Using an Interactive Brush

We can also choose to use plot_hover instead of plot_interactive. The hover chart cannot zoom in/out but it does allow you to draw a box to make a subselection. This can be very useful when you're trying to get an overview of a cluster of embeddings.

from whatlies.language import SpacyLanguage
from whatlies.transformers import Pca

words = ["prince", "princess", "nurse", "doctor", "banker", "man", "woman",
         "cousin", "neice", "king", "queen", "dude", "guy", "gal", "fire",
         "dog", "cat", "mouse", "red", "blue", "green", "yellow", "water",
         "person", "family", "brother", "sister"]

colors = ["red", "blue",  "green", "yellow"]

lang = SpacyLanguage("en_core_web_md")
embset = (lang[words]
            .transform(Pca(2))
            .assign(is_color=lambda e: e.name in colors))
embset.plot_brush(n_show=15, color="is_color")

Large Matrix Visualisations

If you're up for it, you can draw large matrices of charts too.
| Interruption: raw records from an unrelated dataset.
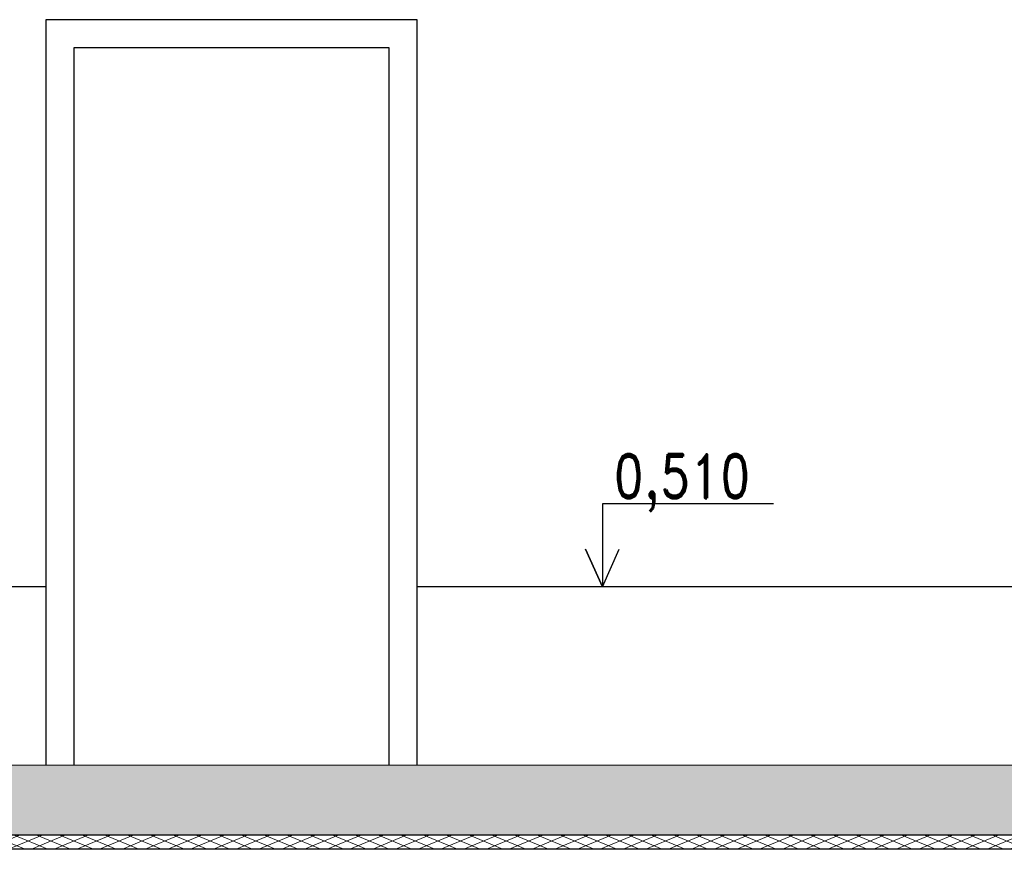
# Model space of a CAD drawing. Header units: millimetres. Extents: x 295996 to 512960, y -33037 to 76497.
# Tile 154 of 256: x 371200 to 374012, y 50505 to 52875. Entities that reach past the tile are written whole.
import ezdxf
from ezdxf.enums import TextEntityAlignment as Align

# ---------------------------------------------------------------- set-up
doc = ezdxf.new("R2010")
doc.units = ezdxf.units.MM
doc.header["$LTSCALE"] = 0.25
doc.layers.add('IN_C_TENKA', color=7, linetype='Continuous')
doc.layers.add('IN_TEXT', color=7, linetype='Continuous')
doc.layers.add('IN_NS_TLUSTA', color=1, linetype='Continuous', lineweight=20)
doc.layers.add('IN_SRAFY', color=8, linetype='Continuous', lineweight=9)
doc.styles.add('Koty', font='romand.shx', dxfattribs={"width": 0.8})

msp = doc.modelspace()

# ---------------------------------------------------------------- hatches: boundary and pattern name
at = {"layer": 'IN_SRAFY'}
h = msp.add_hatch(dxfattribs=at)
h.set_pattern_fill('ZELEZOBETON', color=256, scale=40, angle=90, pattern_type=2)
h.set_pattern_definition([(45, (166419.56, 72506.07), (-141.42136, 141.42136), []), (45, (166476.13, 72506.07), (-141.42136, 141.42136), []), (45, (166589.27, 72506.07), (-84.85281, 197.9899), [80, -40, 0, -40])])
h.paths.add_polyline_path([(359485.34818, 50744.76761), (359485.34818, 50544.76761), (374355.34818, 50544.76761), (374355.34818, 50744.76761)])
h = msp.add_hatch(dxfattribs=at)
h.set_pattern_fill('DIAMONDS', color=256, scale=200, pattern_type=2)
h.set_pattern_definition([(157.38014, (352829.617, 50744.768), (-9.615385, -23.076923), []), (202.61986, (352829.617, 50744.768), (9.615385, -23.076923), [])])
h.paths.add_polyline_path([(374355.34818, 50544.76761), (359485.34818, 50544.76761), (359485.34818, 50504.76761), (374355.34818, 50504.76761)])

# ---------------------------------------------------------------- linework, layer by layer
at = {"layer": 'IN_C_TENKA'}
for p, q in [((371275.34906, 51254.76761), (371055.34906, 51254.76761)), ((374355.34818, 51254.76761), (372335.34818, 51254.76761))]:
    msp.add_line(p, q, dxfattribs=at)
for points in [[(372335.34818, 50744.76761), (372335.34818, 52874.76761), (371275.34906, 52874.76761), (371275.34906, 50744.76761)], [(372255.34818, 50744.76761), (372255.34818, 52794.76761), (371355.34906, 52794.76761), (371355.34906, 50744.76761)]]:
    msp.add_lwpolyline(points, dxfattribs=at)
at = {"layer": 'IN_NS_TLUSTA'}
msp.add_line((352815.34906, 50744.76761), (374355.34818, 50744.76761), dxfattribs=at)
at = {"layer": 'IN_TEXT'}
for p, q in [((374355.34818, 50544.76761), (359485.34818, 50544.76761)), ((374555.34906, 50504.76761), (359485.34818, 50504.76761))]:
    msp.add_line(p, q, dxfattribs=at)
msp.add_lwpolyline([(373353.70275, 51491.38556), (372864.51246, 51491.38556), (372864.51246, 51254.76761), (372816.63941, 51362.08138), (372864.51246, 51254.76761), (372912.38551, 51362.08138)], dxfattribs=at)

# ---------------------------------------------------------------- texts
at = {"layer": 'IN_TEXT', "style": 'Koty', "width": 0.8}
msp.add_text('0,510', height=125, dxfattribs=at).set_placement((373092.06069, 51551.74429), align=Align.MIDDLE)

doc.saveas('drawing.dxf')

from whatlies.language import SpacyLanguage
from whatlies.transformers import Pca

words = ["prince", "princess", "nurse", "doctor", "banker", "man", "woman",
         "cousin", "neice", "king", "queen", "dude", "guy", "gal", "fire",
         "dog", "cat", "mouse", "red", "blue", "green", "yellow", "water",
         "person", "family", "brother", "sister"]

lang = SpacyLanguage("en_core_web_md")
lang[words].transform(Pca(2)).plot_interactive_matrix(0, 1, 2)

Zoom in on that chart. Don't forget to click and drag. Can we interpret the components?